GitHub Got Hacked. The Real Threat Is TeamPCP.
On May 19, 2026, GitHub itself lost 3,800 internal repos to a poisoned VS Code extension on one employee's laptop. The same group, TeamPCP, hit Trivy in March and TanStack in May. What's actually new about the 2026 supply chain campaign, and what your engineering team should do this week.

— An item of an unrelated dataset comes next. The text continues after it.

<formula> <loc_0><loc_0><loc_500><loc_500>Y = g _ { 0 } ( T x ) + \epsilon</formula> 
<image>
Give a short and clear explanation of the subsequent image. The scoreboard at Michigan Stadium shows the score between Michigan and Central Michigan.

On May 19, 2026, the company that hosts the world’s code got hacked. Not through a zero-day in a load balancer, not through a sophisticated nation-state intrusion. Through a VS Code extension installed by one employee. About 3,800 internal repositories exfiltrated. GitHub confirmed it publicly at 6:25 AM PDT on May 20.
If you read that as a one-off, you’re missing the bigger story. The same group — TeamPCP, also tracked as UNC6780 — has been running the same playbook against developer tooling all year. Trivy in March. CheckMarx KICS. LiteLLM. Telnyx SDK. TanStack on May 11. The European Commission’s cloud infrastructure. Now GitHub itself.
This is the first credible end-to-end campaign that breaks the assumptions every engineering team built their dependency posture on. The signing didn’t help. The provenance didn’t help. The reputable maintainers didn’t help. The audit-friendly CI didn’t help. Here’s what changed, why, and what to do this week.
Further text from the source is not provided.